1. Hamming check code provided MSB is m, the lowest bit is 1, the Hamming check code can be expressed as: H (m) H (m-1) ... H (1) ;
   wherein, H (2 ^I-1 ) occupied by the check bits R (i), from small to large remaining positions occupied by the effective symbol K (i); if the presence of H (2 ^{I-. 1} ), then R (i) occupying the highest position.
   For example thirteen Hamming code parity (parity bit five, eight effective symbol): R (5) K ( 8) K (7) K (6) K (5) R (4) K (4 ) K (3) K (2 ) R (3) K (1) R (2) R (1)
2. Hamming checksum every bit number, equal to test his parity bit and the number. For example, H (3): 3 = 2 + 1; thus H (3) (1) check the H (2) and H. Each bit corresponds to a parity, are the effective parity check code thereof .

Significant bit must equal the parity bit number and bit number; parity bit number is equal to the sum of itself.

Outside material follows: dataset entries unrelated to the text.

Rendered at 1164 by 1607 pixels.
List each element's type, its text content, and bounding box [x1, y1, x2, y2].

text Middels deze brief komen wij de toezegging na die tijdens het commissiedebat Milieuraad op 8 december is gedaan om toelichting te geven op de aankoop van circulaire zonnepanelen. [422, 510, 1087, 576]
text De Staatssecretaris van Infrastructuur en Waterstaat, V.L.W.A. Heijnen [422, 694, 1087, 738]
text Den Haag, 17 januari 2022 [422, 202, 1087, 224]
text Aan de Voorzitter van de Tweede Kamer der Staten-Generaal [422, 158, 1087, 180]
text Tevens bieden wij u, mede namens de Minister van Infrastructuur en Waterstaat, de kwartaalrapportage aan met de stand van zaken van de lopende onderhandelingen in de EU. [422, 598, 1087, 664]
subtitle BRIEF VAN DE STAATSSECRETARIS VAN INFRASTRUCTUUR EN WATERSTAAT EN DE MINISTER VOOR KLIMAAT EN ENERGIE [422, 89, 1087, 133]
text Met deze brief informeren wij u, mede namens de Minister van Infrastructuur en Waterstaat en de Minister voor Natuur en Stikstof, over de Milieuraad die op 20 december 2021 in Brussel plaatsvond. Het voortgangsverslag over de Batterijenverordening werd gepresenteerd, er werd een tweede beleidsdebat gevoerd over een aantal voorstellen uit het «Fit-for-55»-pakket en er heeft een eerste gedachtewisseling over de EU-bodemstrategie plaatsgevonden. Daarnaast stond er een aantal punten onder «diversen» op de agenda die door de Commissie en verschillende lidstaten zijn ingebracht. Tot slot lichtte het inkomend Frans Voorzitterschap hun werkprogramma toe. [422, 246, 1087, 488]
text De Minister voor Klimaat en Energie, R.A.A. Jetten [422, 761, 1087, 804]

3. Even parity to an example, equations can be obtained:
   Pl = Dl D2 of ⊕ ⊕ ⊕ D7 D5 D4 ⊕
   P2 = ⊕ Dl D4 D3 ⊕ ⊕ ⊕ D7 D6
   P3 D3 = D2 of ⊕ ⊕ ⊕ D8 D4
   P4 D5 = D6 ⊕ ⊕ D7 D8 ⊕
   P5 Dl = D2 of ⊕ ⊕ ⊕ D3 D4 D5 ⊕ ⊕ ⊕ D6 D7 D8 ⊕ ⊕ ⊕ Pl P2 P3 ⊕ ⊕ P4 (the highest order bits equal to or exclusive of all other Hamming code)
   by using the equations can be formed Hamming check code.

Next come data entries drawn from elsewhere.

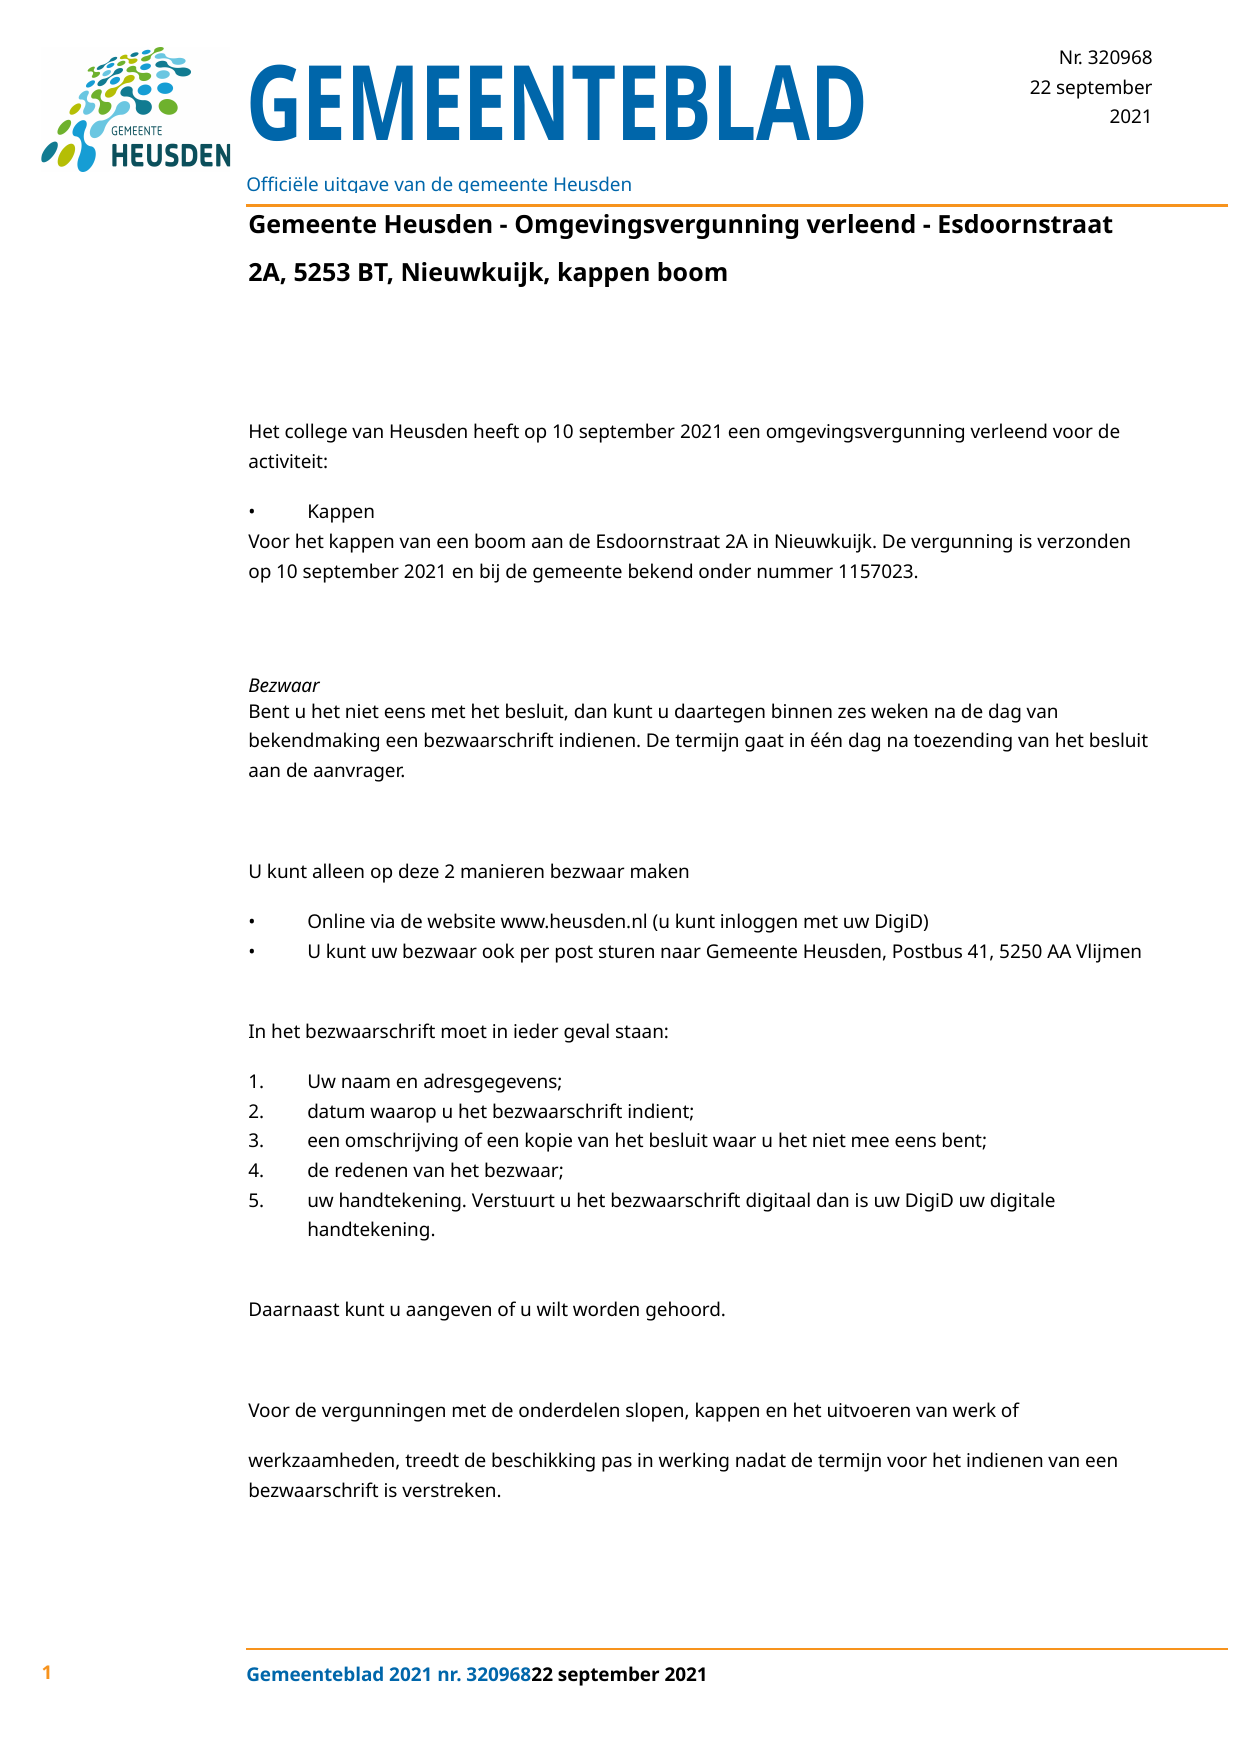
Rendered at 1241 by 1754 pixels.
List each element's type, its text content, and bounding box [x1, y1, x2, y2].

text In het bezwaarschrift moet in ieder geval staan: [248, 1018, 1152, 1044]
text Daarnaast kunt u aangeven of u wilt worden gehoord. [248, 1296, 1152, 1322]
text Het college van Heusden heeft op 10 september 2021 een omgevingsvergunning verleend voor de activiteit: [248, 419, 1152, 474]
text U kunt alleen op deze 2 manieren bezwaar maken [248, 858, 1152, 884]
text Gemeente Heusden - Omgevingsvergunning verleend - Esdoornstraat 2A, 5253 BT, Nieuwkuijk, kappen boom [248, 207, 1152, 288]
picture [41, 47, 231, 172]
text Voor het kappen van een boom aan de Esdoornstraat 2A in Nieuwkuijk. De vergunning is verzonden op 10 september 2021 en bij de gemeente bekend onder nummer 1157023. [248, 528, 1152, 584]
text werkzaamheden, treedt de beschikking pas in werking nadat de termijn voor het indienen van een bezwaarschrift is verstreken. [248, 1448, 1152, 1503]
text Bent u het niet eens met het besluit, dan kunt u daartegen binnen zes weken na de dag van bekendmaking een bezwaarschrift indienen. De termijn gaat in één dag na toezending van het besluit aan de aanvrager. [248, 698, 1152, 783]
list Uw naam en adresgegevens; [248, 1068, 1152, 1094]
list uw handtekening. Verstuurt u het bezwaarschrift digitaal dan is uw DigiD uw digitale handtekening. [248, 1187, 1152, 1242]
list een omschrijving of een kopie van het besluit waar u het niet mee eens bent; [248, 1128, 1152, 1153]
list Online via de website www.heusden.nl (u kunt inloggen met uw DigiD) [248, 908, 1152, 934]
list de redenen van het bezwaar; [248, 1157, 1152, 1183]
text Voor de vergunningen met de onderdelen slopen, kappen en het uitvoeren van werk of [248, 1397, 1152, 1423]
text Bezwaar [248, 672, 1152, 698]
list U kunt uw bezwaar ook per post sturen naar Gemeente Heusden, Postbus 41, 5250 AA Vlijmen [248, 938, 1152, 964]
list Kappen [248, 499, 1152, 524]
list datum waarop u het bezwaarschrift indient; [248, 1098, 1152, 1124]

Error detection , the parity bit and so need to check the checksum XOR operation equations can be obtained:
Sl = Pl ⊕ D2 of Dl ⊕ ⊕ ⊕ D7 D5 D4 ⊕
S2 = P2 Dl ⊕ ⊕ ⊕ D3 D4 D6 ⊕ ⊕ D7
S3 = P3 ⊕ D2 of ⊕ D3 ⊕ D4 ⊕ D8
S4 = P4 ⊕ D5 ⊕ D6 ⊕ D7 ⊕ D8
S5 = P5 ⊕ Dl ⊕ D2 of ⊕ D3 ⊕ D4 ⊕ D5 ⊕ D6 ⊕ D7 ⊕ D8 ⊕ Pl ⊕ P2 ⊕ P3 ⊕ P4
obviously, if this bit is not error , and is equivalent to their own XOR operation, the result must be kept zero ;
the other hand, if a check result is a 1 , indicating that the data error check bits .
When considering only one error and two errors, the following situations:
. 1, Sl ~ S5 are all zero : error data;
2, S5 = 0; Sl ~ S4 are zeroes : Two error;
3, S5 = 1; S1 ~ S4 are all 0 : P5 error;
. 4, S5 = 1; S1 ~ S4 is only a 1 : that a corresponding error check bits; as S1 = 1, P1 described error;
5,S5 = 1; S1 ~ S4 is more than 1 : Common test element S by the error, the positioning error location; if S1, S2 = 1, D1 described error.

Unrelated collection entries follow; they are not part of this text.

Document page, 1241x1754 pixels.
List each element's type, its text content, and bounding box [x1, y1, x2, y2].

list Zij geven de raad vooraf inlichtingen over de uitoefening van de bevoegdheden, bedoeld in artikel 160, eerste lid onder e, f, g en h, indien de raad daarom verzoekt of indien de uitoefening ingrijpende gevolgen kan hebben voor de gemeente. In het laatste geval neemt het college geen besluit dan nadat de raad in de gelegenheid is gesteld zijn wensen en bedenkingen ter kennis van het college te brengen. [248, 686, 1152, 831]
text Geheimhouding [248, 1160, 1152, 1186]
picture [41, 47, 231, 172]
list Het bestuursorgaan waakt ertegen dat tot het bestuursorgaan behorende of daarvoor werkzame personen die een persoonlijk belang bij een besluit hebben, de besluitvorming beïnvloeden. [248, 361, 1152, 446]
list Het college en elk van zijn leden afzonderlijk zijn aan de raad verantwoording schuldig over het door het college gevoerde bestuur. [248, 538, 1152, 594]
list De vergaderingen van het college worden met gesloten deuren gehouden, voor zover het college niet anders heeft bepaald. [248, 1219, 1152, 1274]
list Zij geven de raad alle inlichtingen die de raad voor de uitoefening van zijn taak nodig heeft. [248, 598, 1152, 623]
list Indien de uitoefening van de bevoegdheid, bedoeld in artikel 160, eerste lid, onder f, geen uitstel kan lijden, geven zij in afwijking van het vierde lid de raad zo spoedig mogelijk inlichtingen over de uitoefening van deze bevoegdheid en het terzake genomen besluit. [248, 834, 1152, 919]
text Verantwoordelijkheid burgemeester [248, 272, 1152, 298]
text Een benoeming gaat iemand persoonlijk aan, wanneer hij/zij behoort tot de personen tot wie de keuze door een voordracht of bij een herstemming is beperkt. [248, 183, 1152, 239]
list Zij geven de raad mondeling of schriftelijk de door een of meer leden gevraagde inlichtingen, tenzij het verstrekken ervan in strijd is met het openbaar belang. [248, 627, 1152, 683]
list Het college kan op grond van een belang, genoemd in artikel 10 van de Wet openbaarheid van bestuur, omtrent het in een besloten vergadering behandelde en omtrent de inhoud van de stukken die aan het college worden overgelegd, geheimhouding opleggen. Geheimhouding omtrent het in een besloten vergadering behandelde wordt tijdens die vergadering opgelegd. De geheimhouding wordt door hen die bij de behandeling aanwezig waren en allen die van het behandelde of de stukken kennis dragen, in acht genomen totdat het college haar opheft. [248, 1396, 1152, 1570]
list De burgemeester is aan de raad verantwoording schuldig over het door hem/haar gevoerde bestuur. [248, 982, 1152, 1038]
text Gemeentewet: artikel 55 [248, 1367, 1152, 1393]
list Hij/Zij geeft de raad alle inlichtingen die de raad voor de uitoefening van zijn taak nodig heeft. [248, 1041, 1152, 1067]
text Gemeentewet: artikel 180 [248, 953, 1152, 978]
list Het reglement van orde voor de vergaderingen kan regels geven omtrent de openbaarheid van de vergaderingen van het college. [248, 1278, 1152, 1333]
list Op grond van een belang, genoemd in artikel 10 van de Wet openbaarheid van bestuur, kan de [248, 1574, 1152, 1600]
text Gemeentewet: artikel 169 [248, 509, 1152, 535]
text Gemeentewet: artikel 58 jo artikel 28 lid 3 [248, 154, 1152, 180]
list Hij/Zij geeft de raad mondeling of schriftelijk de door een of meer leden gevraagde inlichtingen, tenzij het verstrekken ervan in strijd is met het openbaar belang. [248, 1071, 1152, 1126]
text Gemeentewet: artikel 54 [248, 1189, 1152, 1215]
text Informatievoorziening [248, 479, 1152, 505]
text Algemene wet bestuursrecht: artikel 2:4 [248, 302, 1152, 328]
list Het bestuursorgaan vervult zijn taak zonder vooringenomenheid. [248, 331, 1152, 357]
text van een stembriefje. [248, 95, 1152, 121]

Cyclic redundancy code (CRC code)

CRC code may be multi-bit error detected and corrected during storage or transport of consecutive, so widely used between the magnetic storage medium, and computer communications.
The CRC code from the k-bit information symbols followed by r bits Parity composed by 2 operation mode rule.

CRC code encoding rules :

1. The information code expressed as a polynomial M (X) = X *. 1 Ck- ^{K-. 1} + ... + a C1 * X ^{. 1} + C0;
2. The information code of r bits to the left, to give M (X) * X ^r = X *. 1 Ck- ^{K +. 1-r} + ... + C0 * X ^r ;
3. With M (X) * X ^{R & lt} divided by the generator polynomial for G (x), the remainder obtained as a parity bit. In order to check code is r bits, can be seen from the operated modular law 2, G (x) will be for the r + 1 bit.
4. Provided the step of calculating the quotient is Q (x), the resulting remainder is R (x), the R (x) spliced to M (X) * X ^r on the right vacated r bits constituting the information is a CRC code .
   The CRC code M (X) * X ^{R & lt} + R & lt (X) = [Q (X) * G (X) + R & lt (X)] + R & lt (X) = Q (X) * G (X) + 2R ( x);
   additions by die 2, 2R (x) should be 0; therefore the formula = Q (x) * G ( x), i.e. the CRC code will be G (x) divisible.

Error detection , the CRC code obtained by dividing the generator polynomial G (x), if no error occurred, the remainder should be 0; different bit error, a different residue. It can be shown in the code system and generator polynomial invariant, with the remainder offset relationship is unchanged.